------ Supplied material

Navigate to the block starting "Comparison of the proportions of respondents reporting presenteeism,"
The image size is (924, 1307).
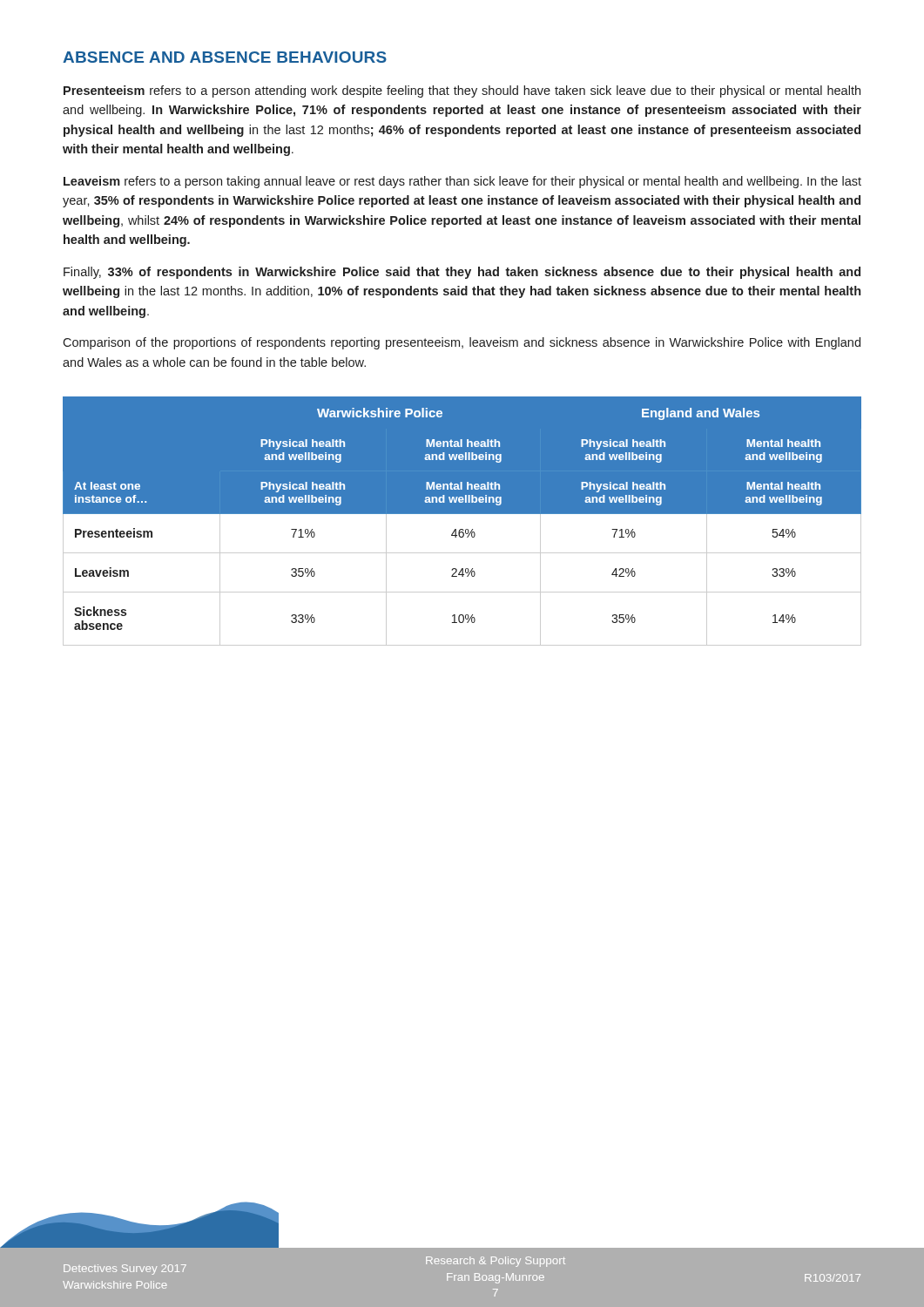point(462,352)
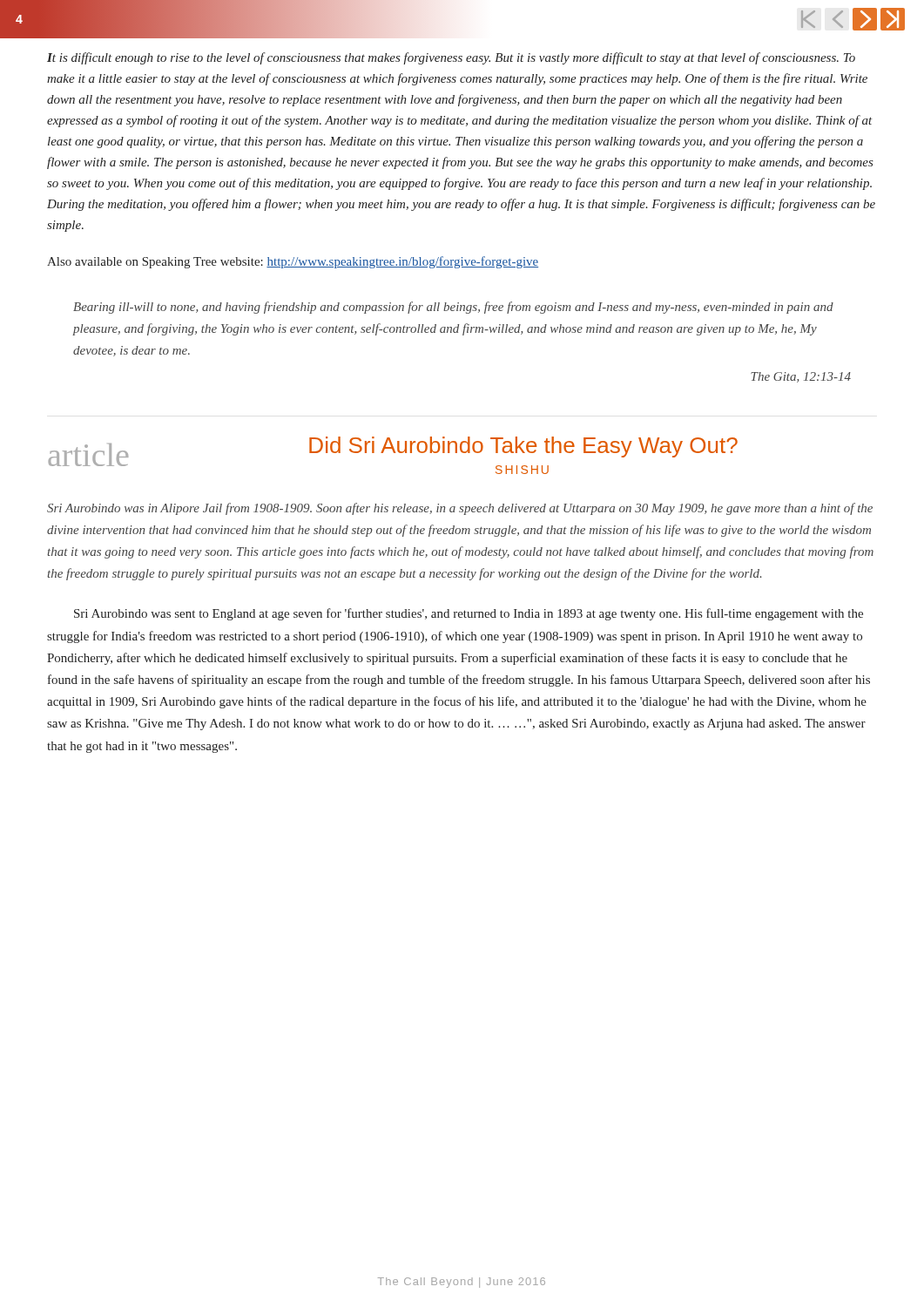This screenshot has height=1307, width=924.
Task: Point to "The Gita, 12:13-14"
Action: click(801, 377)
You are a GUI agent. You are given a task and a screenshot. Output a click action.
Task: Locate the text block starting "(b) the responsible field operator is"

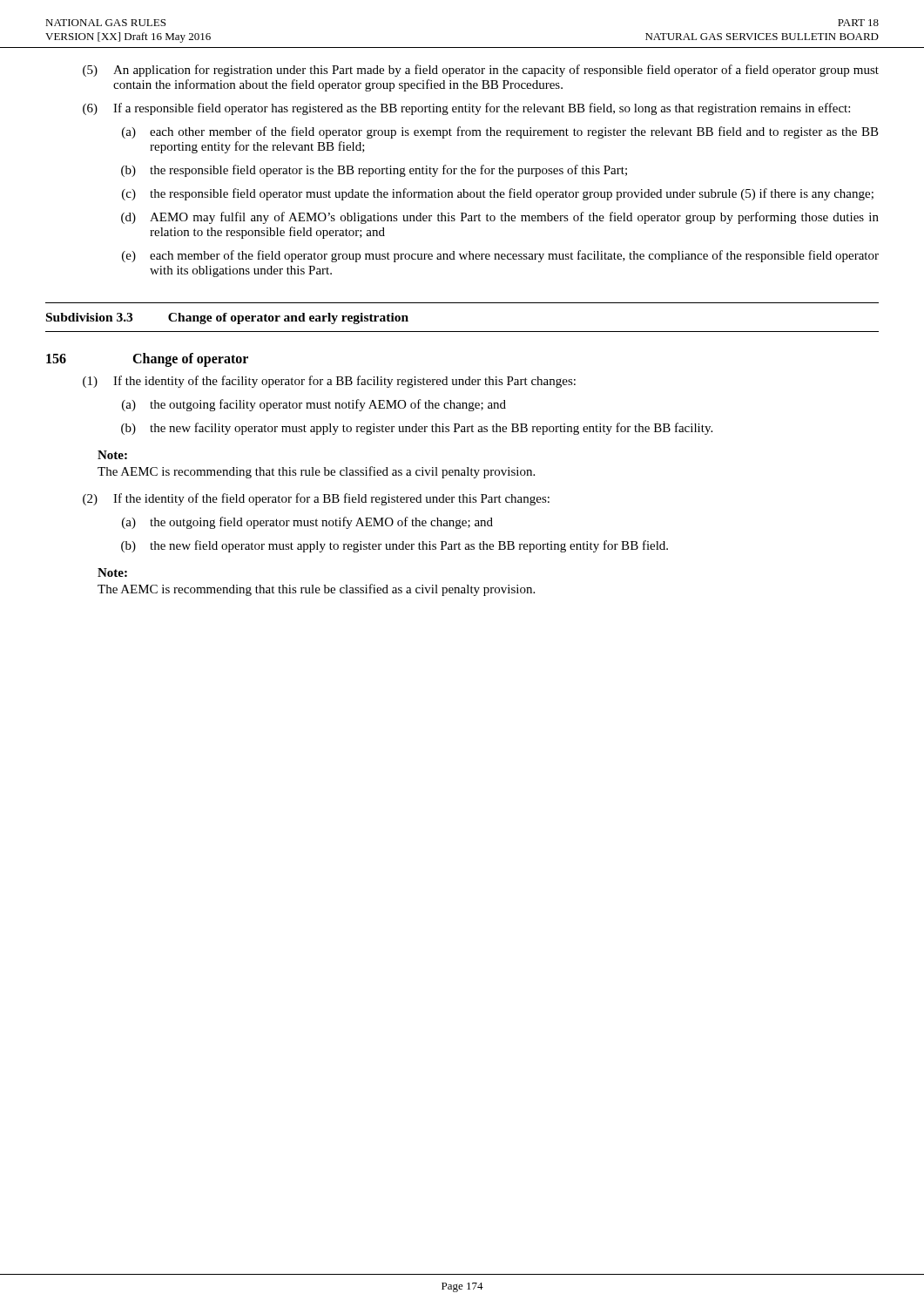click(488, 170)
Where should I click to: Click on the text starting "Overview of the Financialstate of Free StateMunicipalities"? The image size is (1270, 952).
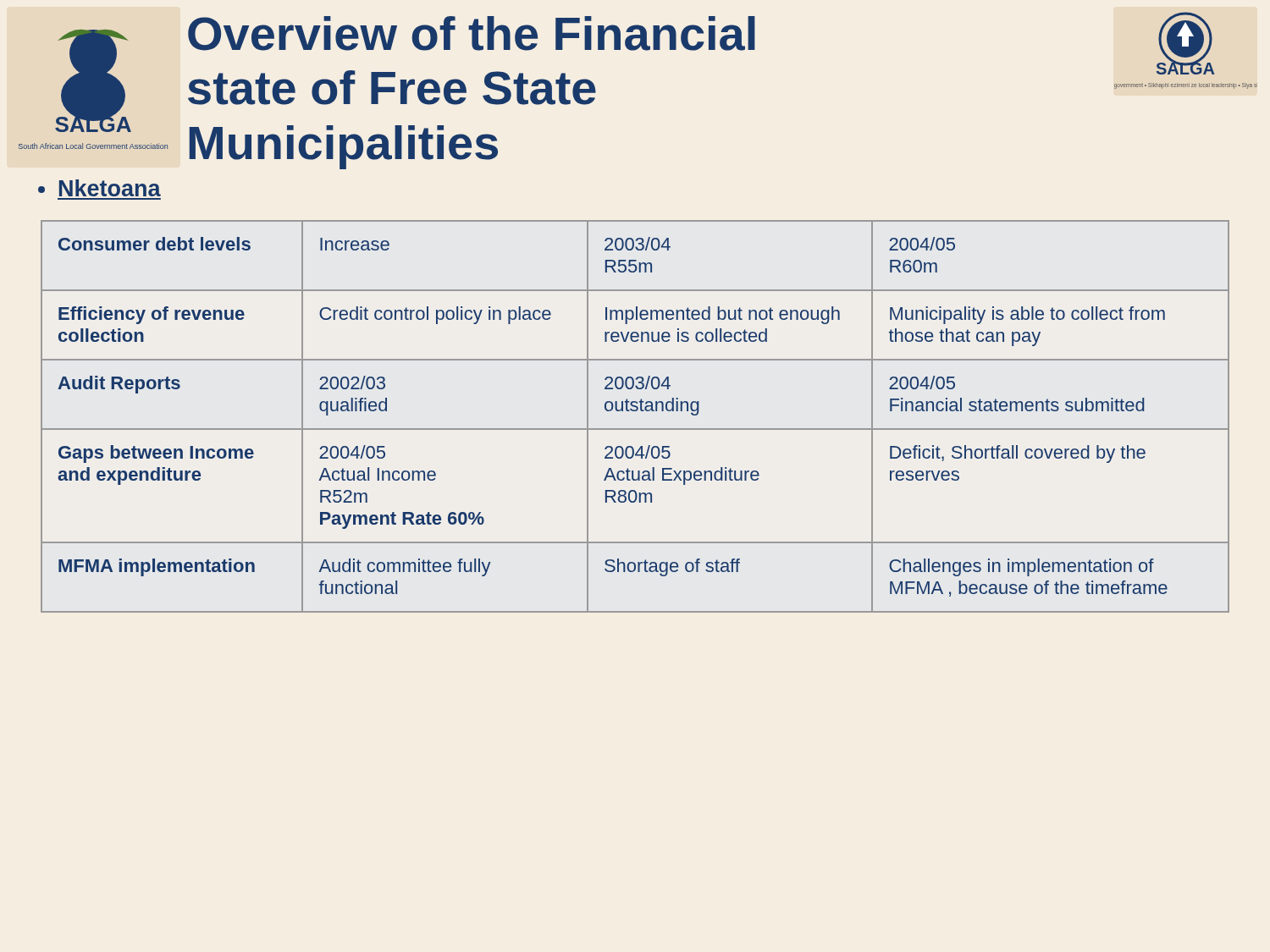tap(472, 33)
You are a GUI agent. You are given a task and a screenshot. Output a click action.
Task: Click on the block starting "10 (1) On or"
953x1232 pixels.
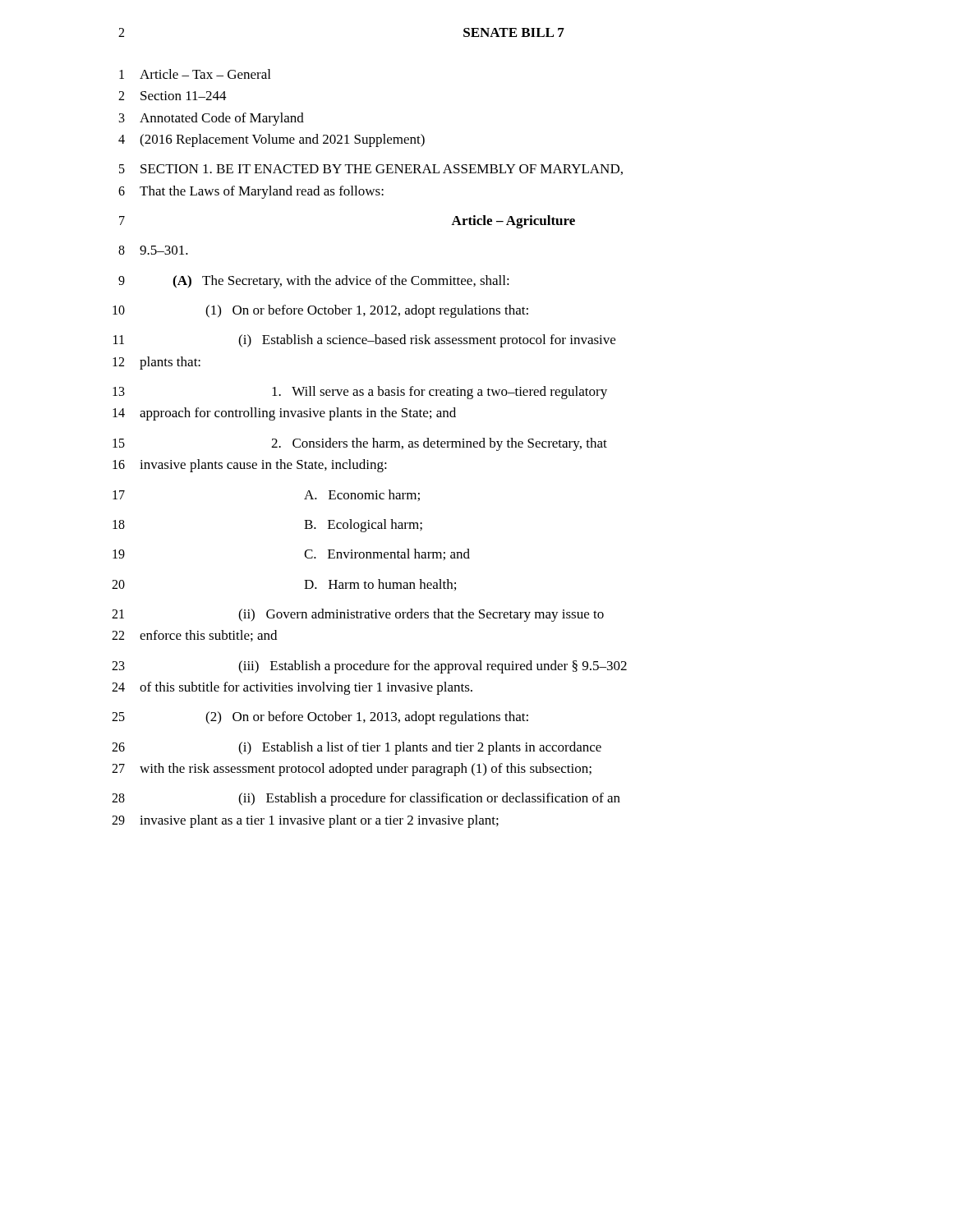[489, 311]

------------

§ Required action
Repeat, exactly and in full, all records above, but include no pictures.

§ Answer area
Navigate to the block starting "Comparison of the proportions of respondents reporting presenteeism,"
The image size is (924, 1307).
point(462,352)
This screenshot has height=1307, width=924.
Task: Point to "The Gita, 12:13-14"
Action: click(801, 377)
You are a GUI agent. You are given a task and a screenshot. Output a click action.
Task: Locate the text block starting "(b) the responsible field operator is"

click(488, 170)
Where should I click to: Click on the text starting "Overview of the Financialstate of Free StateMunicipalities"? The image size is (1270, 952).
tap(472, 33)
You are a GUI agent. You are given a task and a screenshot. Output a click action.
Task: Click on the block starting "10 (1) On or"
953x1232 pixels.
[489, 311]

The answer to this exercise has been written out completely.